4280. Robert Southey to Caroline Bowles, 17 November 1824
Address: [in another hand] Seventeenth Novr twenty first 1824/ Miss Bowles,/ Buckland,/ Lymington/ Hants/ Wm Manning
Stamped: TO PAY 1D ONLY; XXX
Postmark: C/ 22 NO 22/ 1824
Endorsement: To Miss Caroline Bowles/ Keswick 17 Novr 1824
MS: British Library, Add MS 47889. ALS; 4p.
Previously published: Edward Dowden (ed.), The Correspondence of Robert Southey with Caroline Bowles (Dublin and London, 1881), pp. 73–75.
Your news
is new to me, – but it does not surprize, & can in no degree injure me.
Indeed I do not think it will affect Murray’s interest, who is the person interested. For the intended work will prove a military history exclusively. The Duke refused to communicate any papers to me upon the grounds that he reserved them for such a work. He said that I should do as every one who wished to make a popular work would, – ascribe more to the Spaniards than was due to them. In this, he is mistaken. But he want the truth is he wants a whole length portrait of himself, – & not an historical picture, in which a great many other figures must be introduced. – By good fortune I have had access to papers of his – of a much more confidential nature than he himself (I am very sure) would entrust to any one. And I have only to wish the work which he patronizes may come out as soon as possible, – that I may make use of it. For my third volume in all likelihood it will come in time; – & then it will save me some trouble, for I may rely upon its authority in mere military points.
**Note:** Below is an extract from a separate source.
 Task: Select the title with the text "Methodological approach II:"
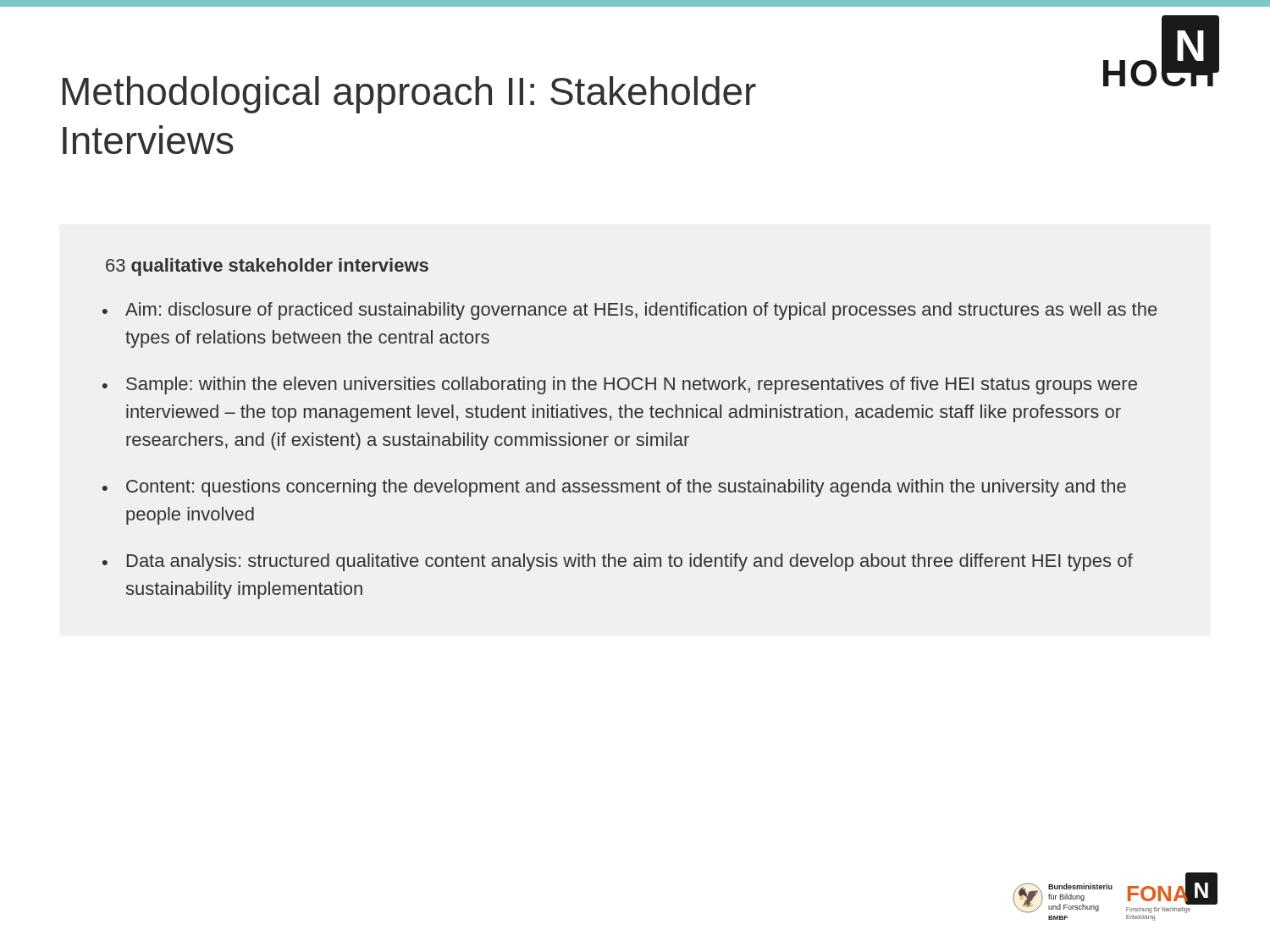[440, 116]
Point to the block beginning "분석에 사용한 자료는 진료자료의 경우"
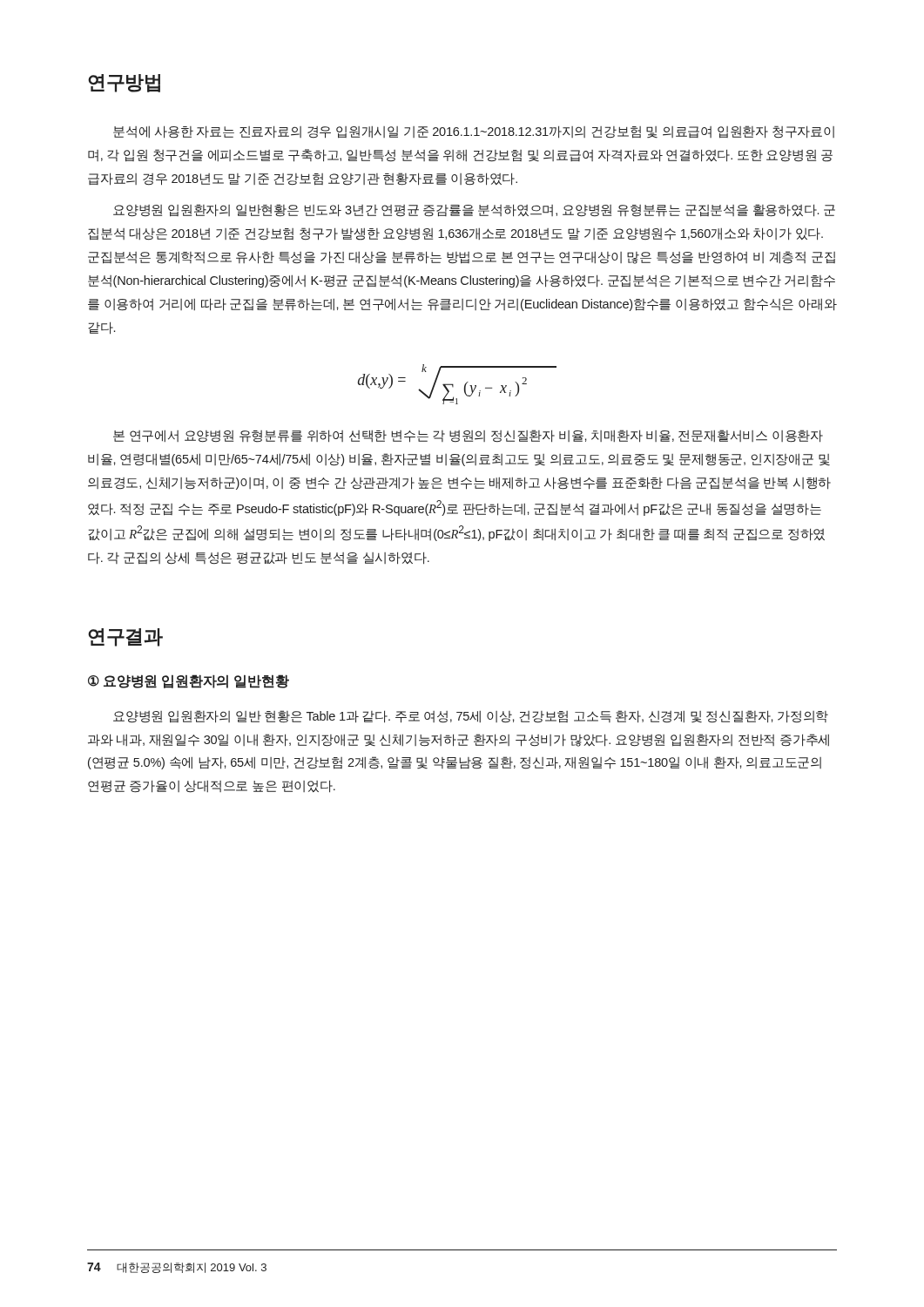The image size is (924, 1307). click(461, 155)

This must be the reason why Murray announces my second volume so prematurely, when only 26 sheets are printed – out of 100.
I shall neither hurry myself, nor be hurried. And you need not be told that I shall every where speak of the Duke exactly as I should have done, if he had behaved towards me with more wisdom. Let who may write the military history, it is in my book that posterity will read of his campaigns. And if there had been nothing but a military interest in the story, the Devil might have written it for me.
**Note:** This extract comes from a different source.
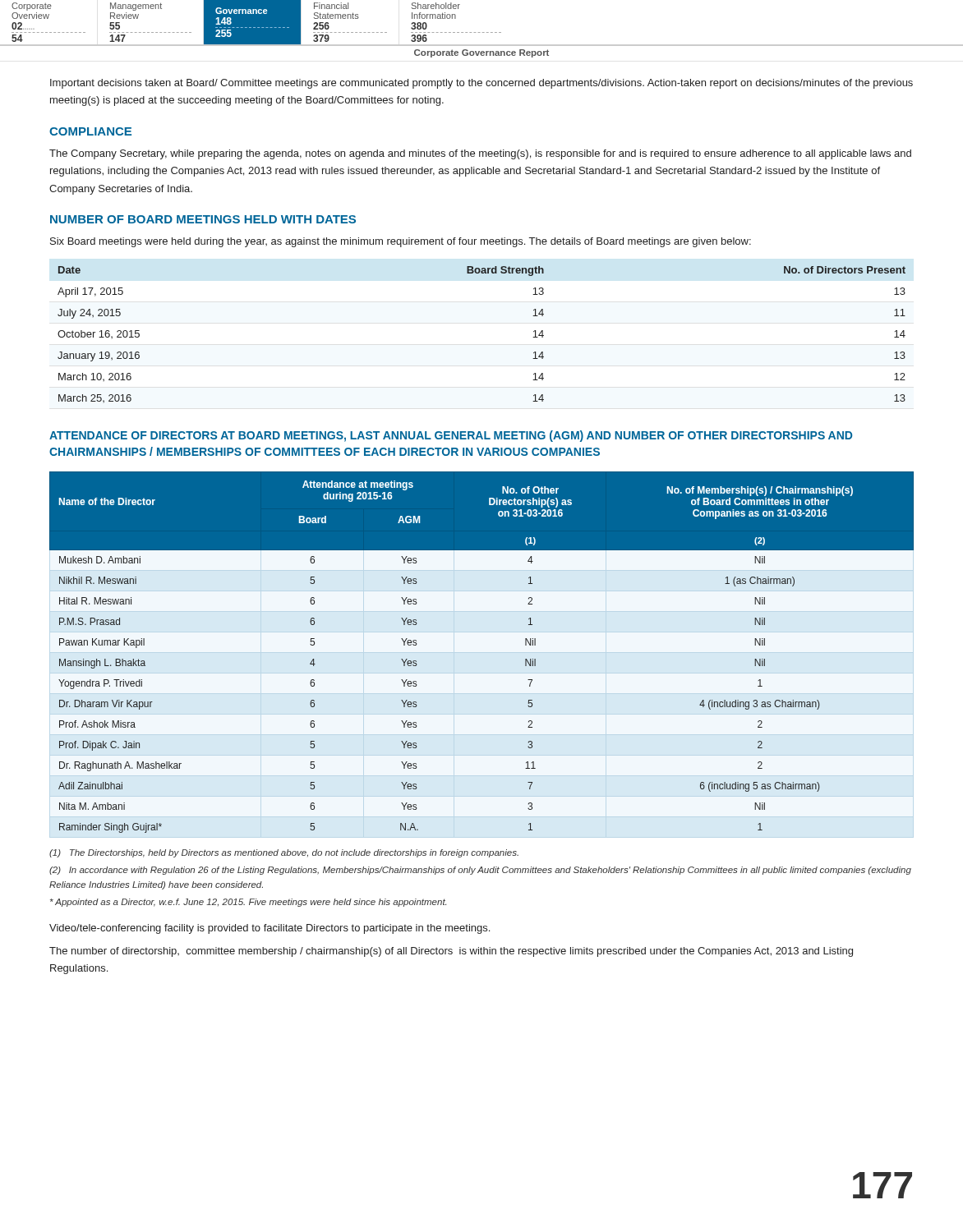The image size is (963, 1232).
Task: Click on the text block that says "Important decisions taken at Board/"
Action: (x=481, y=91)

Never I pray you, suffer yourself to be annoyed by any thing by anything which concerns, or seems to concern me, as an author. For in that character nothing can annoy me. I go on, as I always have done, in my own way, endeavouring to do what seems best according to my own judgement, with all diligence, & caring very little for any present opinion that may be passed upon my works. Like Landor, I am satisfied if I please ten persons who are competent to pronounce an opinion upon such subjects.
You will have received a letter before this time.
But I write these hasty lines to shew you that I am not insensible of your solicitude for what you think concerns me; – Would that you were within reach: & yet I cannot wish you here at this time, when for the last seven weeks we have had the worst weather that I can remember for two & twenty years.
I want to hear what the Monster says to you.
That rascally passage concerning Sir Walter Scott which was cancelled in the London Magazine, beyond all doubt must have been written by Hazlitt.
Murray is in water as near the scalding point as flesh & blood can bear it, – about Lord Byron.
This it is to have any dealings with a bad man.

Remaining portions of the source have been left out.